Since cases have skyrocketed here, and there seems to be no stopping it, other than taking the usual precautions and staying in, I’ve armed myself with books, (see next weeks Winter Literary Review), jigsaw puzzles, DVD’s, and even signed up for Netflix – although I’m not that impressed with what’s on – most of the movies they suggest based on My List, I’ve already seen.  If anyone has any recommendations please leave a comment.   
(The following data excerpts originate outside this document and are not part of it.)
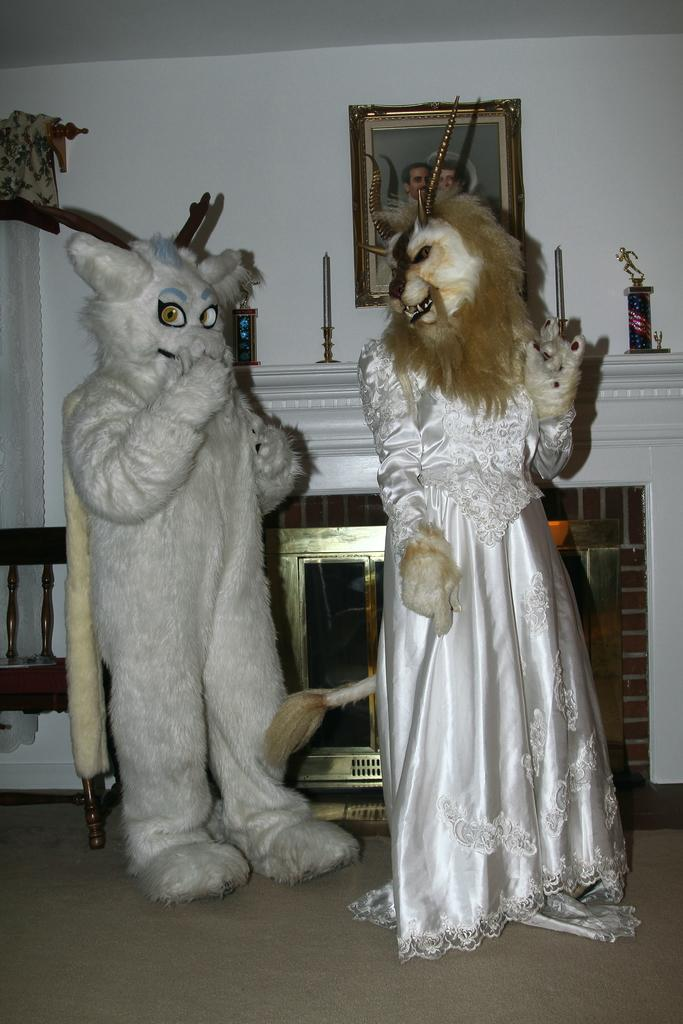What is the main subject of the image? The main subject of the image is the persons in the center of the image. What are the persons wearing? The persons are wearing costumes of animals. What can be seen on the wall in the background of the image? There is a frame on the wall in the background of the image. What is the purpose of the empty chair in front of the wall in the background of the image? The empty chair in front of the wall in the background of the image might be for someone to sit and observe the scene or for someone to join the persons wearing animal costumes. What type of veil is draped over the animal costumes in the image? There is no veil present in the image; the persons are wearing animal costumes without any additional coverings. 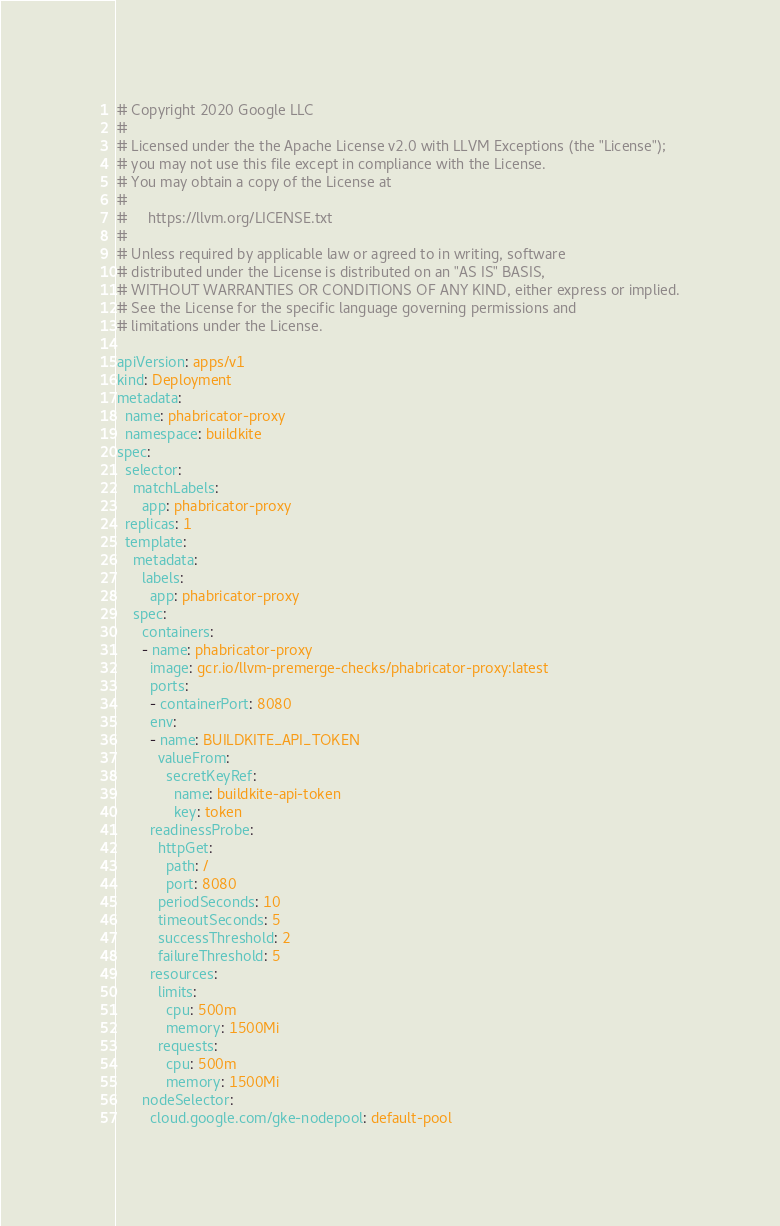<code> <loc_0><loc_0><loc_500><loc_500><_YAML_># Copyright 2020 Google LLC
#
# Licensed under the the Apache License v2.0 with LLVM Exceptions (the "License");
# you may not use this file except in compliance with the License.
# You may obtain a copy of the License at
#
#     https://llvm.org/LICENSE.txt
#
# Unless required by applicable law or agreed to in writing, software
# distributed under the License is distributed on an "AS IS" BASIS,
# WITHOUT WARRANTIES OR CONDITIONS OF ANY KIND, either express or implied.
# See the License for the specific language governing permissions and
# limitations under the License.

apiVersion: apps/v1
kind: Deployment
metadata:
  name: phabricator-proxy
  namespace: buildkite
spec:
  selector:
    matchLabels:
      app: phabricator-proxy
  replicas: 1
  template:
    metadata:
      labels:
        app: phabricator-proxy
    spec:
      containers:
      - name: phabricator-proxy
        image: gcr.io/llvm-premerge-checks/phabricator-proxy:latest
        ports:
        - containerPort: 8080
        env:
        - name: BUILDKITE_API_TOKEN
          valueFrom:
            secretKeyRef:
              name: buildkite-api-token
              key: token
        readinessProbe:
          httpGet:
            path: /
            port: 8080
          periodSeconds: 10
          timeoutSeconds: 5
          successThreshold: 2
          failureThreshold: 5
        resources:
          limits:
            cpu: 500m
            memory: 1500Mi
          requests:
            cpu: 500m
            memory: 1500Mi
      nodeSelector:
        cloud.google.com/gke-nodepool: default-pool
</code>

(Snowmen – real and otherwise)

The only good thing about the winter so far is that the weather has been fairly decent, unlike other parts of the country which have been deluged with snow and cold.  We’ve had a few inches now and then, barely enough to make a snowman, which melted quickly as many days the temps were in the 30-40’s. A mild December is always a bonus as it shortens up the winter.  Now, in the depths of January, it’s been colder but we’ve hardly had any snow, certainly nothing worth shoveling. I like it when it’s not too blizzardy out, as I tend to feel claustrophobic in snow storms.  I don’t want to go anywhere, but I like to know I could if I needed to.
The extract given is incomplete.